The reply was stunning. “I have great confidence in my intelligence people but . . . President Putin was extremely strong and powerful in his denial,” Mr Trump declared.

Richard Armitage, a deputy secretary of state in the George W Bush administration, says his “jaw hit the floor” when he heard his own president appear to back Mr Putin. “I thought I was seeing a nightmare of the Wizard of Oz, arriving in Oz, pulling back the curtain and finding Vladimir Putin pulling all the strings,” he says, adding that the Russian leader had been “masterful” in the way he outplayed Mr Trump.

An axiom of US foreign policy has long been that politicians do not criticise their president when he is overseas.
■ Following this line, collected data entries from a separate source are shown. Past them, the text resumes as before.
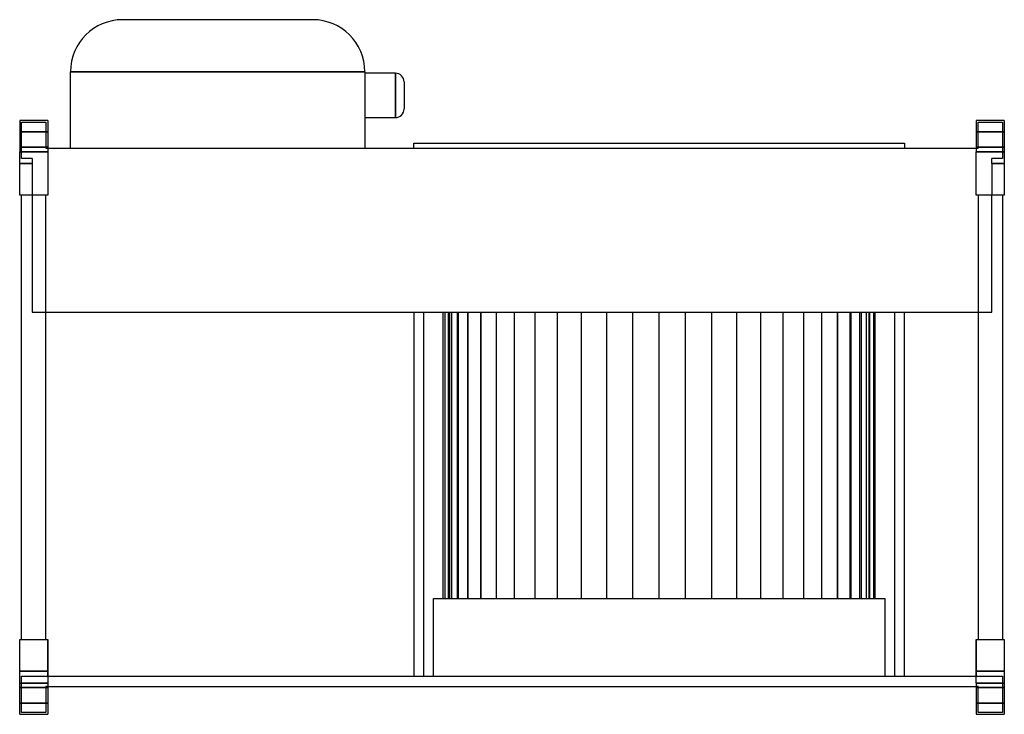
# Model space of a CAD drawing. Header units: millimetres. Extents: x -566 to 1, y -171 to 229.
import ezdxf

# ---------------------------------------------------------------- set-up
doc = ezdxf.new("R2010")
doc.units = ezdxf.units.MM
doc.layers.add('HIDDEN', color=7, linetype='Continuous')
doc.layers.add('THICK', color=7, linetype='Continuous')

msp = doc.modelspace()

# ---------------------------------------------------------------- linework, layer by layer
at = {"layer": 'HIDDEN'}
for p, q in [((-506.75, 229), (-506.75, 229)), ((-397.25, 229), (-397.25, 229)), ((-536.75, 199), (-367.25, 199)), ((-536.75, 199), (-536.75, 199)), ((-367.25, 199), (-367.25, 199)), ((-349.65, 185.4), (-349.65, 198.2)), ((-349.65, 185.4), (-349.65, 198.2)), ((-349.65, 198.2), (-349.65, 185.4)), ((-349.65, 172.6), (-349.65, 185.4)), ((-349.65, 172.6), (-349.65, 185.4)), ((-349.65, 185.4), (-349.65, 172.6)), ((-566, 171), (-566, 171)), ((-566, 171), (-566, 171)), ((-549.88, 171), (-549.88, 171)), ((-549.88, 171), (-549.88, 171)), ((-15.13, 171), (-15.13, 171)), ((-15.13, 171), (-15.13, 171)), ((1, 171), (1, 171)), ((1, 171), (1, 171)), ((-549.88, 164.5), (-566, 164.5)), ((-566, 164.5), (-549.88, 164.5)), ((-565, 170), (-550.88, 170)), ((-565, 149), (-565, 170)), ((-565, 170), (-565, 170)), ((-550.88, 170), (-550.88, 154.96)), ((-550.88, 170), (-550.88, 170)), ((-15.13, 164.5), (1, 164.5)), ((1, 164.5), (-15.13, 164.5)), ((-14.13, 170), (0, 170)), ((-14.13, 154.96), (-14.13, 170)), ((-14.13, 170), (-14.13, 170)), ((0, 170), (0, 149)), ((0, 170), (0, 170)), ((-566, 155.5), (-549.88, 155.5)), ((-549.88, 155.5), (-566, 155.5)), ((-550.88, 154.96), (-549.88, 154.96)), ((-550.88, 154.96), (-550.88, 154.96)), ((-549.88, 154.96), (-549.88, 154.96)), ((-549.88, 154.96), (-549.88, 154.96)), ((-536.75, 154.96), (-536.75, 154.96)), ((-367.25, 154.96), (-367.25, 154.96)), ((1, 155.5), (-15.13, 155.5)), ((-15.13, 154.96), (-14.13, 154.96)), ((-15.13, 154.96), (-15.13, 154.96)), ((-15.13, 155.5), (1, 155.5)), ((-15.13, 154.96), (-15.13, 154.96)), ((-14.13, 154.96), (-14.13, 154.96)), ((-566, 153), (-549.88, 153)), ((-558.88, 149), (-565, 149)), ((-565, 149), (-565, 149)), ((-558.88, 149), (-558.88, 146.1)), ((-558.88, 149), (-558.88, 149)), ((-15.13, 153), (1, 153)), ((-6.13, 149), (-6.13, 149)), ((-6.13, 146.1), (-6.13, 149)), ((0, 149), (-6.13, 149)), ((0, 149), (0, 149)), ((-558.88, 146.1), (-566, 146.1)), ((-566, 146.1), (-558.88, 146.1)), ((-558.88, 146.1), (-566, 146.1)), ((-558.88, 146.1), (-558.88, 128)), ((-6.13, 146.1), (1, 146.1)), ((1, 146.1), (-6.13, 146.1)), ((-6.13, 146.1), (-6.13, 128)), ((1, 146.1), (-6.13, 146.1)), ((-566, 128), (-566, 128)), ((-566, 128), (-566, 128)), ((-565, 128), (-565, 128)), ((-565, 128), (-565, 128)), ((-558.88, 128), (-558.88, 60.6)), ((-558.88, 128), (-558.88, 128)), ((-558.88, 128), (-558.88, 128)), ((-550.88, 128), (-550.88, 128)), ((-550.88, 128), (-550.88, 128)), ((-549.88, 128), (-549.88, 128)), ((-549.88, 128), (-549.88, 128)), ((-15.13, 128), (-15.13, 128)), ((-15.13, 128), (-15.13, 128)), ((-14.13, 128), (-14.13, 128)), ((-14.13, 128), (-14.13, 128)), ((-6.13, 128), (-6.13, 128)), ((-6.13, 60.6), (-6.13, 128)), ((-6.13, 128), (-6.13, 128)), ((0, 128), (0, 128)), ((0, 128), (0, 128)), ((1, 128), (1, 128)), ((1, 128), (1, 128)), ((-558.88, 60.6), (-558.88, 60.6)), ((-558.88, 60.6), (-6.13, 60.6)), ((-339, 60.6), (-339, -149)), ((-333.35, -149), (-333.35, 60.6)), ((-322.05, -104.3), (-322.05, 60.6)), ((-321.16, 60.6), (-321.16, -104.3)), ((-321.16, 60.6), (-321.16, -104.3)), ((-319.08, 60.6), (-319.08, -104.3)), ((-319.08, -104.3), (-319.08, 60.6)), ((-318.5, 60.6), (-318.5, -104.3)), ((-318.5, 60.6), (-318.5, -104.3)), ((-317.17, -104.3), (-317.17, 60.6)), ((-317.17, -104.3), (-317.17, 60.6)), ((-314.11, 60.6), (-314.11, -104.3)), ((-314.11, 60.6), (-314.11, -104.3)), ((-313.37, -104.3), (-313.37, 60.6)), ((-313.37, -104.3), (-313.37, 60.6)), ((-308.07, 60.6), (-308.07, -104.3)), ((-308.07, 60.6), (-308.07, -104.3)), ((-307.75, -104.3), (-307.75, 60.6)), ((-307.75, -104.3), (-307.75, 60.6)), ((-300.47, 60.6), (-300.47, -104.3)), ((-300.47, 60.6), (-300.47, -104.3)), ((-300.4, -104.3), (-300.4, 60.6)), ((-300.4, -104.3), (-300.4, 60.6)), ((-291.42, -104.3), (-291.42, 60.6)), ((-291.42, -104.3), (-291.42, 60.6)), ((-280.97, -104.3), (-280.97, 60.6)), ((-280.97, -104.3), (-280.97, 60.6)), ((-269.21, -104.3), (-269.21, 60.6)), ((-269.21, -104.3), (-269.21, 60.6)), ((-256.32, -104.3), (-256.32, 60.6)), ((-256.32, -104.3), (-256.32, 60.6)), ((-242.5, -104.3), (-242.5, 60.6)), ((-242.5, -104.3), (-242.5, 60.6)), ((-227.98, -104.3), (-227.98, 60.6)), ((-227.98, -104.3), (-227.98, 60.6)), ((-212.99, -104.3), (-212.99, 60.6)), ((-212.99, -104.3), (-212.99, 60.6)), ((-197.75, -104.3), (-197.75, 60.6)), ((-197.75, -104.3), (-197.75, 60.6)), ((-182.51, -104.3), (-182.51, 60.6)), ((-182.51, -104.3), (-182.51, 60.6)), ((-167.52, -104.3), (-167.52, 60.6)), ((-167.52, -104.3), (-167.52, 60.6)), ((-153, -104.3), (-153, 60.6)), ((-153, -104.3), (-153, 60.6)), ((-139.18, -104.3), (-139.18, 60.6)), ((-139.18, -104.3), (-139.18, 60.6)), ((-126.29, -104.3), (-126.29, 60.6)), ((-126.29, -104.3), (-126.29, 60.6)), ((-114.53, -104.3), (-114.53, 60.6)), ((-114.53, -104.3), (-114.53, 60.6)), ((-104.08, -104.3), (-104.08, 60.6)), ((-104.08, -104.3), (-104.08, 60.6)), ((-95.1, -104.3), (-95.1, 60.6)), ((-95.1, -104.3), (-95.1, 60.6)), ((-95.03, 60.6), (-95.03, -104.3)), ((-95.03, 60.6), (-95.03, -104.3)), ((-87.75, -104.3), (-87.75, 60.6)), ((-87.75, -104.3), (-87.75, 60.6)), ((-87.43, 60.6), (-87.43, -104.3)), ((-87.43, 60.6), (-87.43, -104.3)), ((-82.13, -104.3), (-82.13, 60.6)), ((-82.13, -104.3), (-82.13, 60.6)), ((-81.39, 60.6), (-81.39, -104.3)), ((-81.39, 60.6), (-81.39, -104.3)), ((-78.33, -104.3), (-78.33, 60.6)), ((-78.33, -104.3), (-78.33, 60.6)), ((-77, 60.6), (-77, -104.3)), ((-77, 60.6), (-77, -104.3)), ((-76.42, -104.3), (-76.42, 60.6)), ((-76.42, -104.3), (-76.42, 60.6)), ((-74.34, 60.6), (-74.34, -104.3)), ((-74.34, 60.6), (-74.34, -104.3)), ((-73.45, -104.3), (-73.45, 60.6)), ((-62.15, 60.6), (-62.15, -149)), ((-56.5, -149), (-56.5, 60.6)), ((-6.13, 60.6), (-6.13, 60.6)), ((-327.7, -104.3), (-67.8, -104.3)), ((-327.7, -149), (-327.7, -104.3)), ((-67.8, -104.3), (-67.8, -149)), ((-566, -128), (-566, -128)), ((-566, -128), (-566, -128)), ((-565, -128), (-565, -128)), ((-565, -128), (-565, -128)), ((-550.88, -128), (-550.88, -128)), ((-550.88, -128), (-550.88, -128)), ((-549.88, -149), (-549.88, -128)), ((-549.88, -128), (-549.88, -128)), ((-549.88, -128), (-549.88, -128)), ((-549.88, -128), (-549.88, -128)), ((-549.88, -128), (-549.88, -128)), ((-15.13, -128), (-15.13, -149)), ((-15.13, -128), (-15.13, -128)), ((-15.13, -128), (-15.13, -128)), ((-15.13, -128), (-15.13, -128)), ((-15.13, -128), (-15.13, -128)), ((-14.13, -128), (-14.13, -128)), ((-14.13, -128), (-14.13, -128)), ((0, -128), (0, -128)), ((0, -128), (0, -128)), ((1, -128), (1, -128)), ((1, -128), (1, -128)), ((-549.88, -146.1), (-566, -146.1)), ((-566, -146.1), (-549.88, -146.1)), ((-566, -146.1), (-549.88, -146.1)), ((1, -146.1), (-15.13, -146.1)), ((-15.13, -146.1), (1, -146.1)), ((-15.13, -146.1), (1, -146.1)), ((-549.88, -153), (-566, -153)), ((-565, -149), (-565, -149)), ((-565, -149), (-549.88, -149)), ((-565, -170), (-565, -149)), ((-549.88, -149), (-15.13, -149)), ((-549.88, -149), (-549.88, -149)), ((-549.88, -149), (-549.88, -149)), ((-15.13, -149), (-15.13, -149)), ((-15.13, -149), (0, -149)), ((-15.13, -149), (-15.13, -149)), ((1, -153), (-15.13, -153)), ((0, -149), (0, -149)), ((0, -149), (0, -170)), ((-566, -155.5), (-549.88, -155.5)), ((-549.88, -155.5), (-566, -155.5)), ((-550.88, -154.96), (-550.88, -154.96)), ((-550.88, -154.96), (-550.88, -170)), ((-549.88, -154.96), (-550.88, -154.96)), ((-549.88, -154.96), (-549.88, -154.96)), ((-549.88, -154.96), (-549.88, -154.96)), ((-14.13, -154.96), (-15.13, -154.96)), ((-15.13, -154.96), (-15.13, -154.96)), ((-15.13, -155.5), (1, -155.5)), ((-15.13, -154.96), (-15.13, -154.96)), ((1, -155.5), (-15.13, -155.5)), ((-14.13, -154.96), (-14.13, -154.96)), ((-14.13, -170), (-14.13, -154.96)), ((-549.88, -164.5), (-566, -164.5)), ((-566, -164.5), (-549.88, -164.5)), ((-565, -170), (-565, -170)), ((-550.88, -170), (-565, -170)), ((-550.88, -170), (-550.88, -170)), ((1, -164.5), (-15.13, -164.5)), ((-15.13, -164.5), (1, -164.5)), ((-14.13, -170), (-14.13, -170)), ((0, -170), (-14.13, -170)), ((0, -170), (0, -170)), ((-566, -171), (-566, -171)), ((-566, -171), (-566, -171)), ((-549.88, -171), (-549.88, -171)), ((-549.88, -171), (-549.88, -171)), ((-15.13, -171), (-15.13, -171)), ((-15.13, -171), (-15.13, -171)), ((1, -171), (1, -171)), ((1, -171), (1, -171))]:
    msp.add_line(p, q, dxfattribs=at)
at = {"layer": 'THICK'}
for p, q in [((-397.25, 229), (-506.75, 229)), ((-536.75, 154.96), (-536.75, 199)), ((-367.25, 199), (-536.75, 199)), ((-367.25, 199), (-367.25, 154.96)), ((-349.65, 198.2), (-367.25, 198.2)), ((-349.65, 198.2), (-349.65, 185.4)), ((-344.65, 193.2), (-344.65, 185.4)), ((-349.65, 185.4), (-349.65, 172.6)), ((-344.65, 185.4), (-344.65, 177.6)), ((-549.88, 171), (-566, 171)), ((-566, 171), (-566, 153)), ((-549.88, 171), (-549.88, 153)), ((-367.25, 172.6), (-349.65, 172.6)), ((-15.13, 171), (-15.13, 153)), ((1, 171), (-15.13, 171)), ((1, 171), (1, 153)), ((-549.88, 154.96), (-15.13, 154.96)), ((-339, 157.96), (-56.5, 157.96)), ((-339, 154.96), (-339, 157.96)), ((-56.5, 157.96), (-56.5, 154.96)), ((-549.88, 153), (-566, 153)), ((-566, 128), (-566, 153)), ((-549.88, 153), (-549.88, 128)), ((-15.13, 128), (-15.13, 153)), ((1, 153), (-15.13, 153)), ((1, 153), (1, 128)), ((-549.88, 128), (-566, 128)), ((-565, -128), (-565, 128)), ((-550.88, -128), (-550.88, 128)), ((1, 128), (-15.13, 128)), ((-14.13, 128), (-14.13, -128)), ((0, 128), (0, -128)), ((-566, -153), (-566, -128)), ((-566, -128), (-549.88, -128)), ((-549.88, -128), (-549.88, -153)), ((-15.13, -128), (1, -128)), ((-15.13, -153), (-15.13, -128)), ((1, -128), (1, -153)), ((-566, -153), (-549.88, -153)), ((-566, -171), (-566, -153)), ((-549.88, -153), (-549.88, -171)), ((-15.13, -153), (-15.13, -171)), ((-15.13, -153), (1, -153)), ((1, -153), (1, -171)), ((-549.88, -154.96), (-15.13, -154.96)), ((-566, -171), (-549.88, -171)), ((-15.13, -171), (1, -171))]:
    msp.add_line(p, q, dxfattribs=at)
for centre, start, end in [((-349.65, 193.2), 359.9999, 89.9999), ((-349.65, 177.6), 270.0001, 0.0001)]:
    msp.add_arc(centre, 5, start, end, dxfattribs=at)
for centre, major_axis in [((-506.75, 199), (-30, 0)), ((-397.25, 199), (0, 30))]:
    msp.add_ellipse(centre, major_axis=major_axis, ratio=1, start_param=-1.570796, end_param=0, dxfattribs=at)

doc.saveas('drawing.dxf')

But Mr Trump turned the rules on their head by giving credence to a denial from Mr Putin, after the Kremlin has been accused of everything from cyber attacks to the attempted murder of former spies.

James Clapper understood the gravity of what had happened better than most. As the director of national intelligence in January 2017, he led the team that briefed then president-elect Trump on Russian interference and told him about an unconfirmed dossier— compiled by a former British spy — that included unverified claims about Mr Trump that involved sexual acts in a Moscow hotel.

“I actually went to my old college thesaurus to search for an adjective that could capture what I was witnessing,” says Mr Clapper of the comments. “I have tried . . . to come up with alternative explanations for his inexplicable deference to Russia and specifically to Mr Putin, but I have come to a point where there is no explanation other than they have something on him.”

Back in Washington, the man who succeeded Mr Clapper in the intelligence role, Dan Coats, leapt to action. “We have been clear in our assessments of Russian meddling in the 2016 election and their ongoing, pervasive efforts to undermine our democracy,” he said in a clear rebuke of the president.

Asked on Thursday about his extraordinary statement at a security forum in Aspen, Mr Coats, who was appointed by Mr Trump, said: “Obviously, I wished he had made a different statement.”

Others were less diplomatic. John Brennan, the CIA head under Barack Obama who had accused Mr Trump of treason, tweeted: “He is wholly in the pocket of Putin. Republican Patriots: Where are you???”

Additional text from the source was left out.